WILLIAM ACIN

 

fil d'ariane : accueil >> realisation >> photographie >> in situ

 

Dans ma pratique de la vidéo et de la photographie, je manipule le réel, j’interviens sur un détail, je crée un regard perturbateur. En photographie, je souligne un aspect particulier de l’espace habité. Je cadre en composant de manière géométrique pour mettre en évidence les pleins et les vides, un peu comme à la surface d’un tableau.

Schatzi

schatzi Willam Acin ur de l'atlantique

Avec, cette installation intitulée « Schatzi » un blockhaus recouvert de couvertures de survie, j’ai voulu souligner que le travail de plasticien est bien souvent au-delà même d’un espace de liberté, un abri pour sa réflexion, une résistance dédiée au statut de plasticien devenue capable de refuser la pose et de maîtriser sa destinée. Il s’agit d’une  projection physique et mentale qui transforme ce lieu de villégiature, le Cap Ferret, en un mythe local. J’ai voulu travailler à partir d’une géographie humaine commune à tous, un lieu porteur d’identité. C’est d’abord une interrogation portée sur la notion d’art aujourd’hui et sur le statut même de plasticien. C’est donner un souffle nouveau à cet objet, fort chargé du passé pour se le réapproprier et créer la projection de demain. C’est voir l’objet différemment comme par exemple un piédestal vide. Si Maurizio Catellan a réalisé des installations avec des chevaux suspendus, c’est peut être pour traiter de la notion du piédestal parce que même vide il nous amène à monter dessus. Le piédestal c’est l’imagerie du pouvoir que l’on confère aux personnages qui sont placés dessus avec par exemple la statue équestre .Je m’ interroge sur qui sont les rois d’aujourd’hui et l’idée que l’on se fait en général du Cap Ferret, comme le lieu réservé à une élite, une sorte d’intelligentsia de l’économie moderne.
J’ai conscience que tous les habitants de cette partie de France ne sont pas tous riches ou même bourgeois et quand bien même ils le seraient , beaucoup ont travaillé pour en arriver là. Néanmoins, j’ai voulu porter a l’attention de tous que c’est à chacun d’inventer le présent sans quoi d’autres le feront sans nous. Je pense que beaucoup de postures nouvelles sont a envisager autant en Art que dans le domaine Politique.
Cette installation Très Cap est pour moi l’émergence d’un objet qui, côtoyant le discours de l’art et le quotidien de tous, constituerait un déplacement, un entre-deux. La couverture de survie apparaît de la même couleur que le sable. Le Blockhaus, objet de survie se voit rendu le sens réel de sa fonction dans le camouflage. C’est-à-dire vouloir représenter le réel encore plus réel qu’il ne l’est. Dans une réalité où il n’y a plus de distance à l’imaginaire, de cette île utopie opposée au continent du réel, je simule, je manipule et je réinvente le réel comme fiction parce qu’il a disparu. (cf Jean Baudrillard, Simulacres et simulations)

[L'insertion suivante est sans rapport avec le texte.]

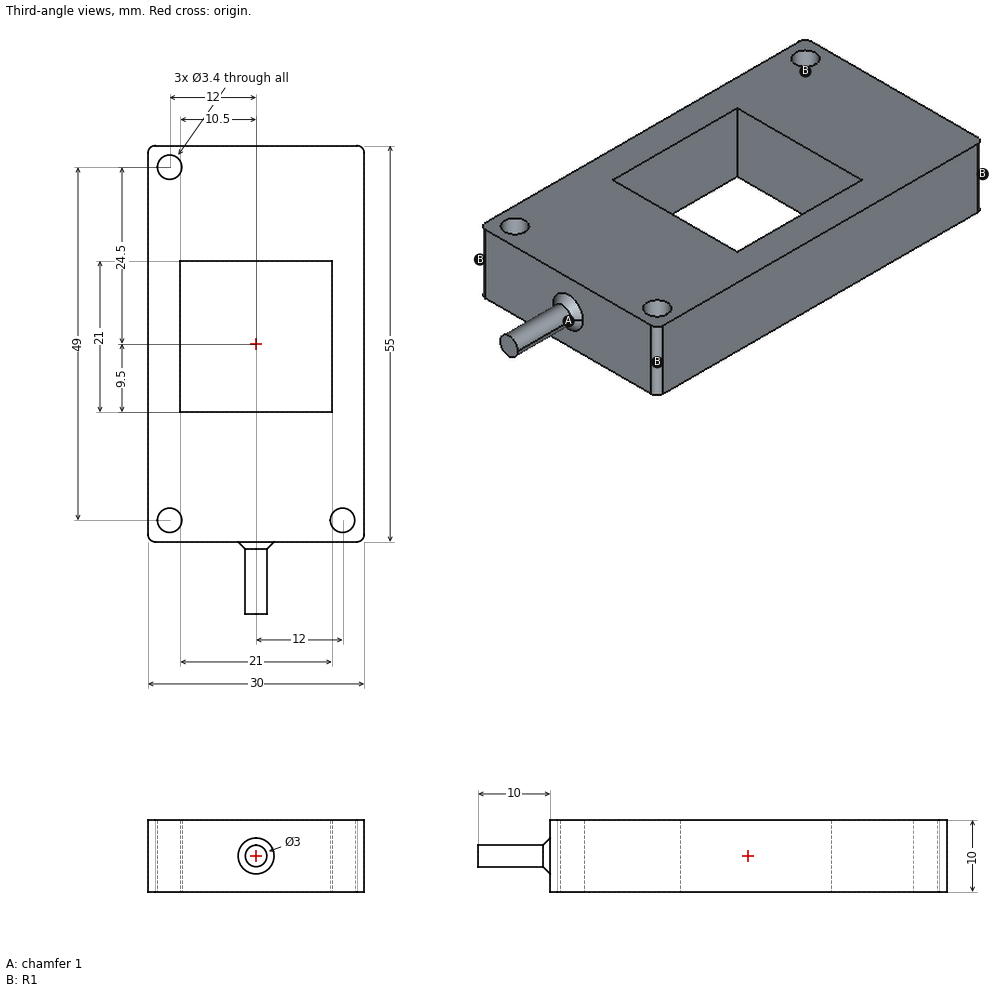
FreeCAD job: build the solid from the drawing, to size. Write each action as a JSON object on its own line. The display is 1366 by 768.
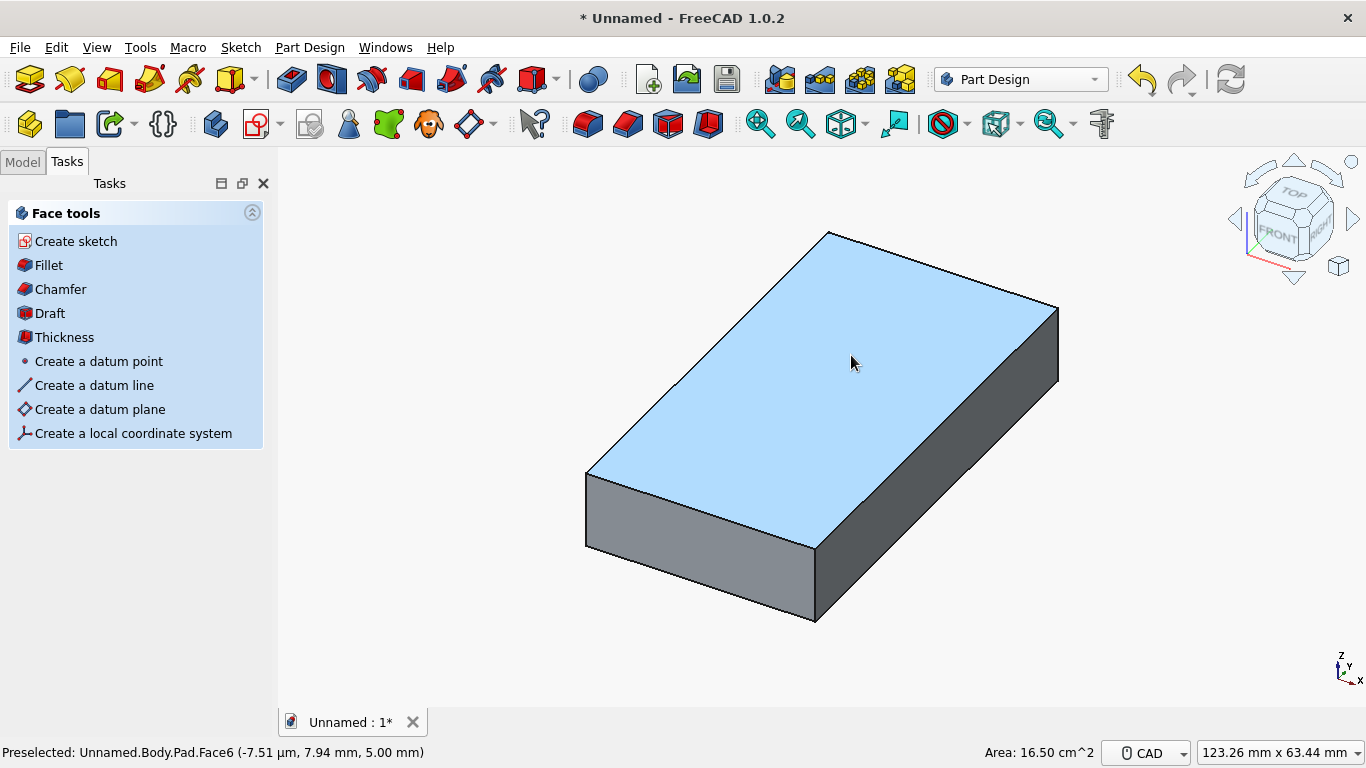
{"action": "left_click", "coordinate": [256, 124]}

 Réalisation avec le soutien de Yvan Laser, Clément Collet-Billon, Moise,

Bob Laviande et Ben. Big up à Mike Nicolini et Igor Quezada de l'ESPACE A-R-T.

 

Présentation:

Bus de l’art contemporain,. Espace a-r-t, Bordeaux, 2007.

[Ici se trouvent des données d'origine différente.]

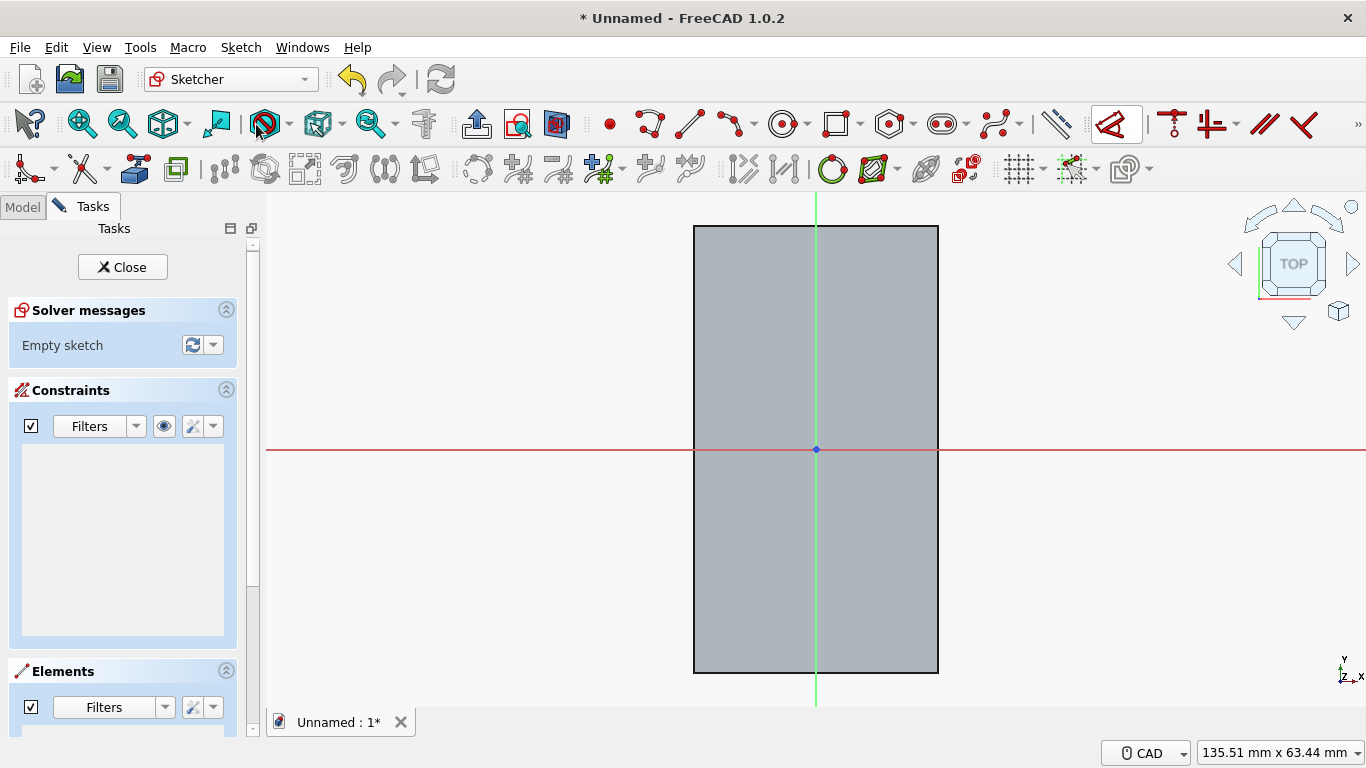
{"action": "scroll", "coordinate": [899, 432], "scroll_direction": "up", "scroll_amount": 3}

Acquisition de l’arthotèque du conseil général 2009

Parcours et deTerritoires.

Diffusion vidéo:

Centre Culturel Français de Timisoara, Roumanie, 2009.


 

 

 

 


J’applique le détournement du sens commun afin de provoquer chez le spectateur un regard critique et distancé sur sa vie quotidienne et sa conception du monde. J’utilise l’humour, l’ironie pour provoquer, instiller du désordre dans « notre » rapport aux objets et dans l’usage quotidien des signes, en explorant notamment la question de l’inquiétante étrangeté de l’ordinaire, afin de faire émerger chez le spectateur une réalité sensible.